Над ними вспыхнул свет. Гусейн стоял посредине купе, заложив руки за спину. Он был грустен и словно прислушивался.

— Куда-то Женя исчезла, — сказал он. — Неужто все с этим долговязым?

— Нравится? — спросил доктор, улыбаясь.

Гусейн молча наклонил голову и вышел в коридор…

Поезд подходил к станции. На темном небе огни нефтяных вышек мигали как звезды, крупные и желтые. Женя, на ходу оправляя волосы, быстро прошла по коридору. Завидев Гусейна, она остановилась и повернулась к раскрытому окну. Он видел, что она вытерла глаза носовым платком. Тогда он подошел к ней и стал сзади.

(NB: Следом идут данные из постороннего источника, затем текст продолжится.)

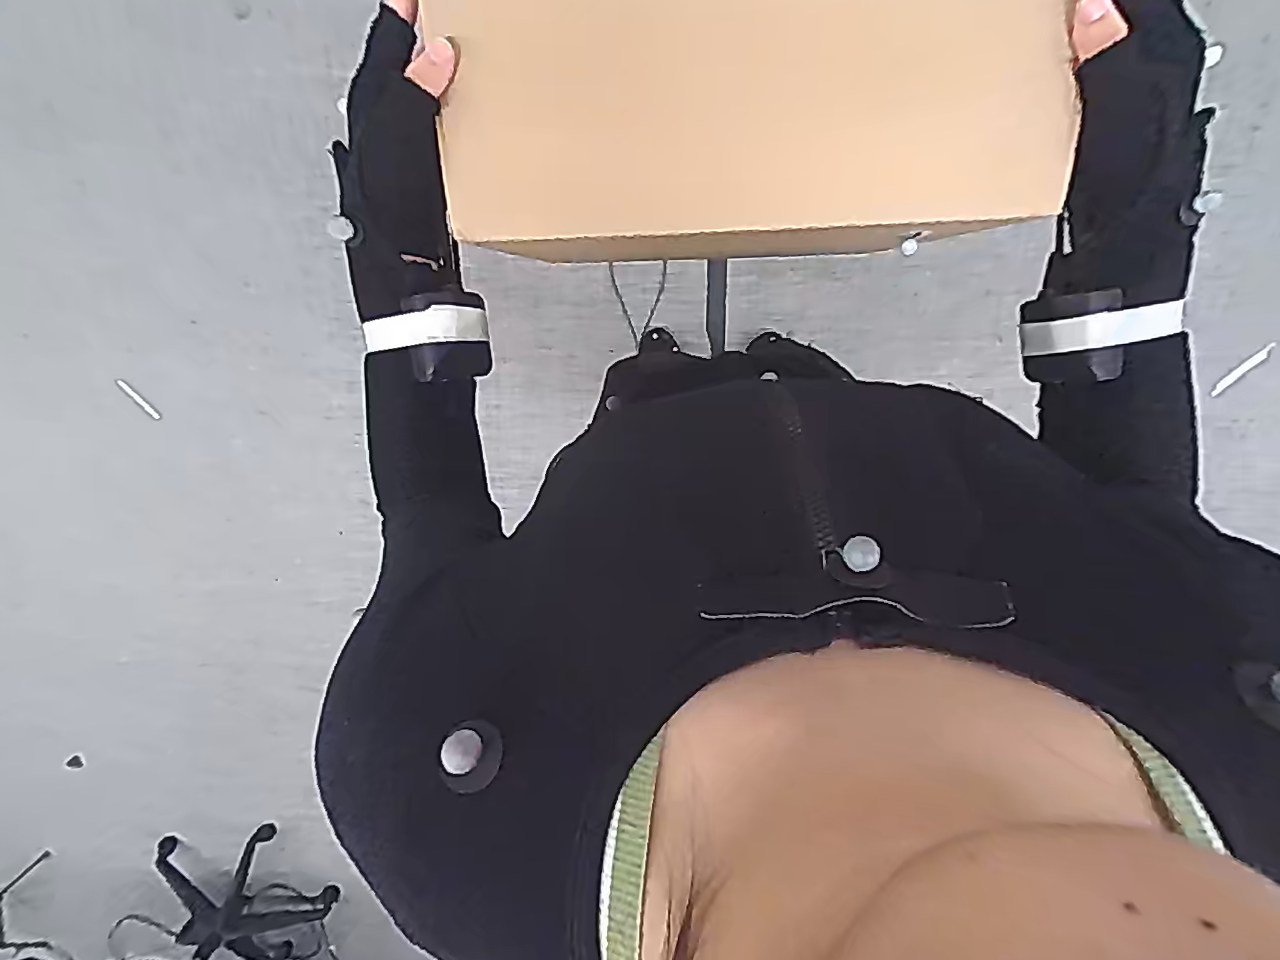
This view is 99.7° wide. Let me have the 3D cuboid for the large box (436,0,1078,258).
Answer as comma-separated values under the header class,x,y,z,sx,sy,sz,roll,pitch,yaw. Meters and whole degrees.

— Дайте на вас посмотреть, — сказал он грубовато. — Случилось что-нибудь, Женя?

— Оставьте, — сказала она тихо, — пройдет… Я не хочу, чтобы заметили…

Гусейн взял ее за руку.

— Никто и не увидит, здесь темно. Он к вам приставал, да?

— Ничего, — она яростно высморкалась. — Такой подлец… Только, пожалуйста, молчите!